Practical Guide to Variational Inference
Update: since I wrote this blog post 5 years ago, it’s quite a ride along the variational inference path, both for me and the state of the art! There was no mention of VAEs or normalizing flows or autodiff variational inference because they had not been invented yet (though BBVI was around this time). This post is focused on the tricky analytic derivations, which still have their place for certain models requiring lower variance updates during inference.
There are a few standard techniques for performing inference on hierarchical Bayesian models. Finding the posterior distribution over parameters or performing prediction requires an intractable integral for most Bayesian models, arising from the need to marginalise ("integrate out") nuisance parameters. In the face of this intractability there are two main ways to perform approximate inference: either transform the integration into a sampling problem (e.g., Gibbs sampling, slice sampling) or an optimisation problem (e.g., expectation-maximisation, variational inference).
Probably the most straightforward method is Gibbs sampling (see Chapter 29 of "Information Theory, Inference, and Learning Algorithms" by David MacKay) because you only need to derive conditional probability distributions for each random variable and then sample from these distributions in turn. Of course you have to handle convergence of the Markov chain, and make sure your samples are independent, but you can't go far wrong with the derivation of the conditional distributions themselves. The downside of sampling methods is their slow speed. A related issue is that sampling methods are not ideal for online scalable inference (e.g., learning from streaming social network data).

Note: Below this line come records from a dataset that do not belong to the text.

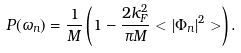Convert formula to latex. <formula><loc_0><loc_0><loc_500><loc_500>P ( \omega _ { n } ) = \frac { 1 } { M } \left ( 1 - \frac { 2 k _ { F } ^ { 2 } } { \pi M } < | \Phi _ { n } | ^ { 2 } > \right ) .</formula> 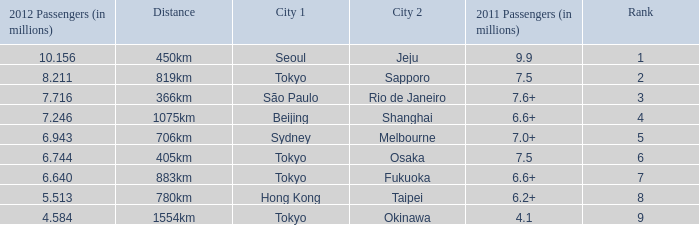How many passengers (in millions) flew from Seoul in 2012? 10.156. 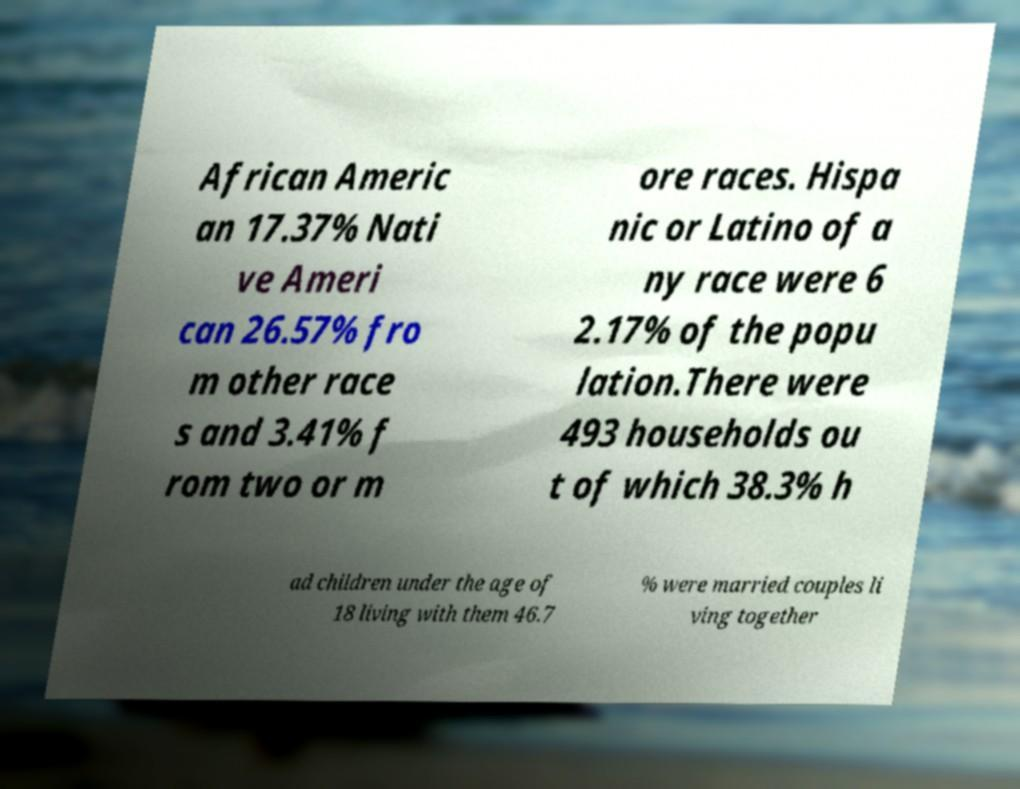Please read and relay the text visible in this image. What does it say? African Americ an 17.37% Nati ve Ameri can 26.57% fro m other race s and 3.41% f rom two or m ore races. Hispa nic or Latino of a ny race were 6 2.17% of the popu lation.There were 493 households ou t of which 38.3% h ad children under the age of 18 living with them 46.7 % were married couples li ving together 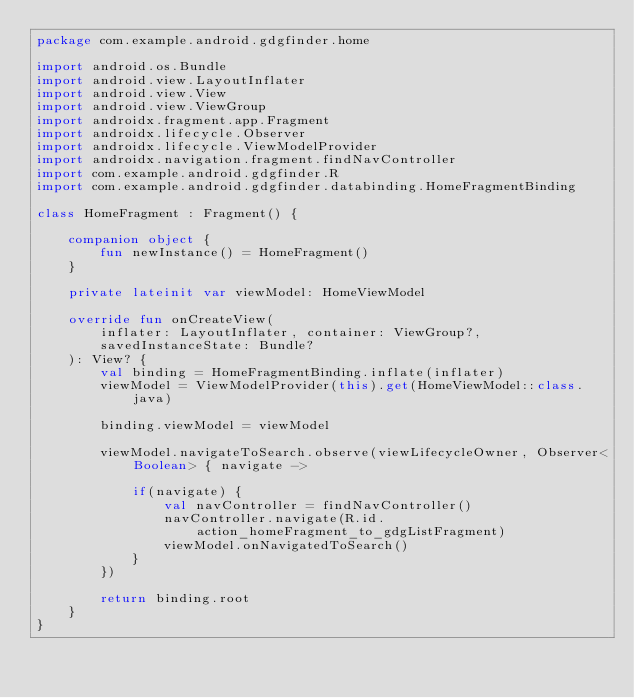<code> <loc_0><loc_0><loc_500><loc_500><_Kotlin_>package com.example.android.gdgfinder.home

import android.os.Bundle
import android.view.LayoutInflater
import android.view.View
import android.view.ViewGroup
import androidx.fragment.app.Fragment
import androidx.lifecycle.Observer
import androidx.lifecycle.ViewModelProvider
import androidx.navigation.fragment.findNavController
import com.example.android.gdgfinder.R
import com.example.android.gdgfinder.databinding.HomeFragmentBinding

class HomeFragment : Fragment() {

    companion object {
        fun newInstance() = HomeFragment()
    }

    private lateinit var viewModel: HomeViewModel

    override fun onCreateView(
        inflater: LayoutInflater, container: ViewGroup?,
        savedInstanceState: Bundle?
    ): View? {
        val binding = HomeFragmentBinding.inflate(inflater)
        viewModel = ViewModelProvider(this).get(HomeViewModel::class.java)

        binding.viewModel = viewModel

        viewModel.navigateToSearch.observe(viewLifecycleOwner, Observer<Boolean> { navigate ->

            if(navigate) {
                val navController = findNavController()
                navController.navigate(R.id.action_homeFragment_to_gdgListFragment)
                viewModel.onNavigatedToSearch()
            }
        })

        return binding.root
    }
}
</code>

For these reasons, I have spent the last 6 months learning how to apply variational inference to my mobility models. While there are some very good sources describing variational inference (e.g., chapter 10 of "Pattern Recognition and Machine Learning" by Bishop, this tutorial by Fox and Roberts, this tutorial by Blei), I feel that the operational details can get lost among the theoretical motivation. This makes it hard for someone just starting out to know what steps to follow. Having successfully derived variational inference for several custom hierarchical models (e.g., stick-breaking hierarchical HMMs, extended mixture models), I'm writing a practical summary for anyone about go down the same path. So, here is my summary for how you actually apply variational Bayes to your model.
Preliminaries
I'm omitting an in-depth motivation because it has been covered so well by the aforementioned tutorials. But briefly, the way that mean-field variational inference transforms an integration problem into an optimisation problem is by first assuming that your model factorises further than you originally specified. It then defines a measure of error between the simpler factorised model and the original model (usually, this function is the Kullback-Leibler divergence, which is a measure of distance between two distributions). The optimisation problem is to minimise this error by modifying the parameters to the factorised model (i.e., the variational parameters).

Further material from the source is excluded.